Witnessing this troubled Lewis. He prayed and fasted, he says, and received word from God that he should start his own church.

The first service, held in his home, was attended by five: Lewis, his wife and daughter, and one interracial couple they knew. Now, the congregation numbers 80. Nearly half its members are members of interracial couples. “We took off,” he says, “and this is what we have now.”

A vinyl banner over the door is all that marks this old store space as a church. Inside, the place is bright, carpeted in deep blue and lush with silk flowers. A drum set and keyboard stand near the front.

Lewis’ small office is on the left. Here he hangs his two church robes — one black, one maroon — and keeps church records. “One woman said, ‘I’m going to bless you with a computer,” he says. And lo, a PC sits on the desk, the words “Jesus Loves You” bouncing around the screen.

The adjacent storefront, formerly a beauty parlor, now serves as the dining room for the church’s monthly community meals. Church families paired up to buy each of the six $50 folding tables. Every one is graced with a vase of purple silk roses.
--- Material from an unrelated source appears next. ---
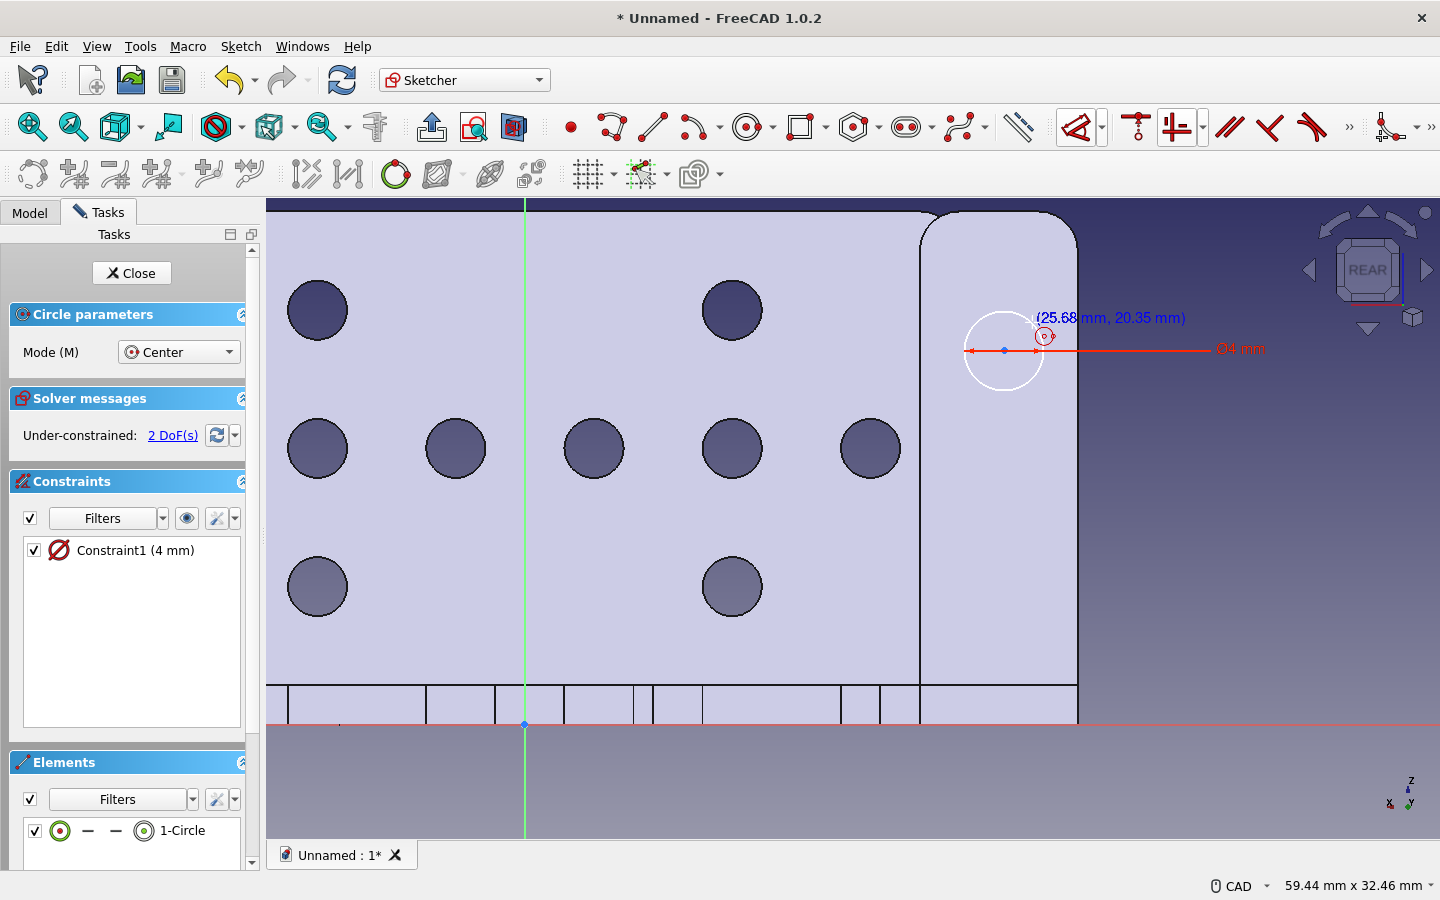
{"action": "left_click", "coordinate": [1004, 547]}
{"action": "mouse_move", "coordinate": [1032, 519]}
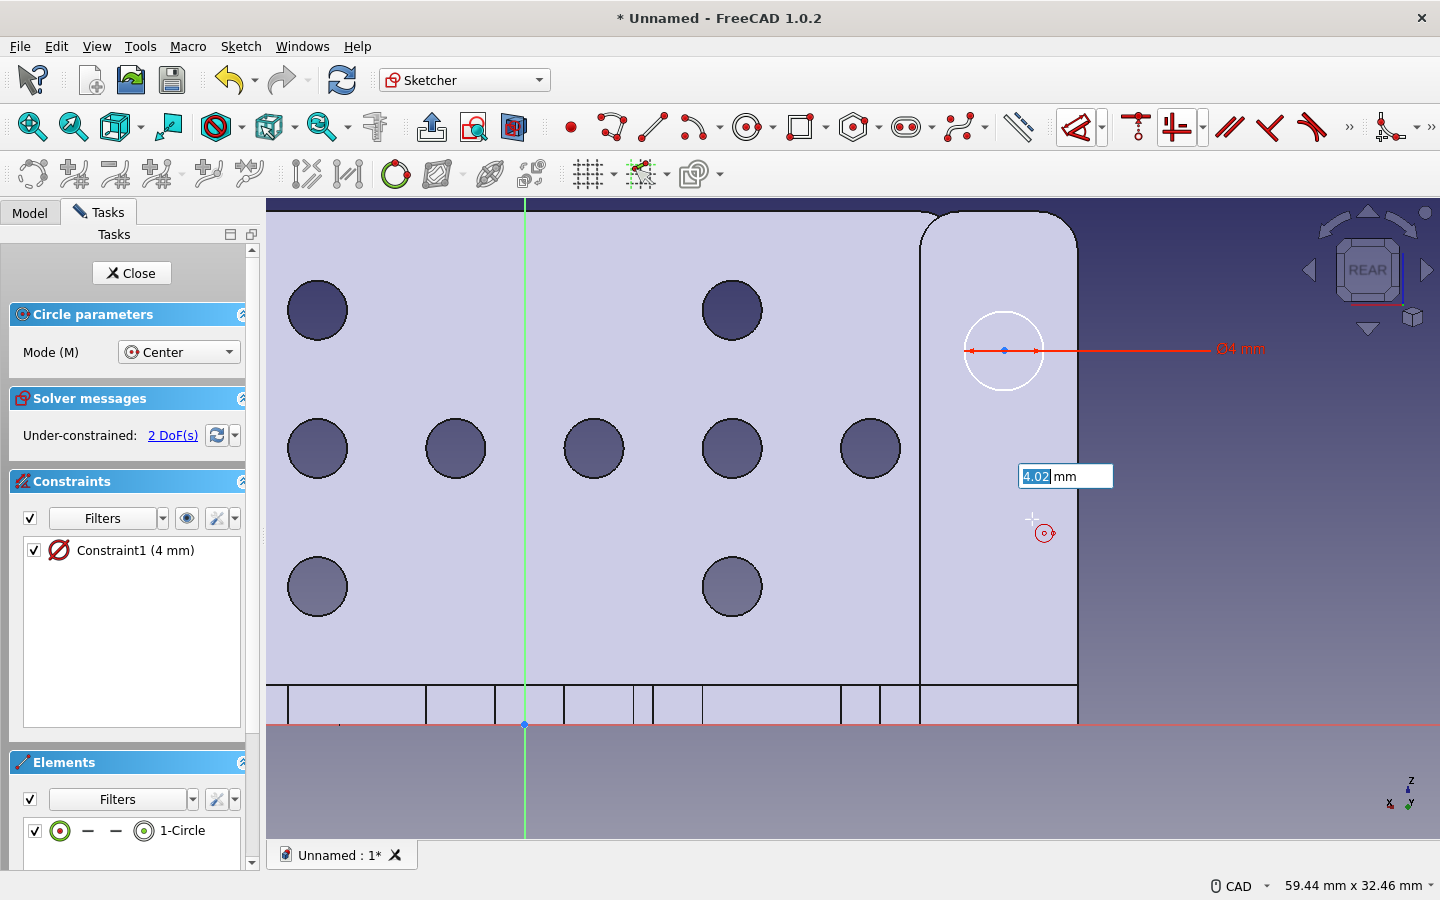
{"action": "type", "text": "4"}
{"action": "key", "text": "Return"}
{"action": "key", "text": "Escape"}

Tonight,” Lewis says, “we’re teaching a great lesson we just started. Self-will. Self-will vs. God’s will.” Around 7 p.m., the first church members enter. They chat about recipes for sweet-and-sour meatballs, praying with Sister Adams, working out in the wintertime. Everyone addresses Lewis as “Pastor” and his wife as “First Lady,” even though most of those here tonight are family. The youngest is Lewis’ 1-year-old niece Desiree, who toddles through the aisles while the pastor speaks.

The audience murmurs “Mmm-hmmm” and “Praise God,” as Lewis talks about the danger of envying your neighbor’s house, or the Lincolns parked outside other churches. An “old broken-down hooptie” will get you to your destination as surely as a brand-new car, he tells his congregation.

Of course, a little money would help Mt. Moriah, Lewis has said. “We have a long way to go. There’s nobody in the church rich.” Yet ask him what the church needs right now, and he pauses to think.

Some new paint, a new wallpaper border, he finally says. Not much. God will provide.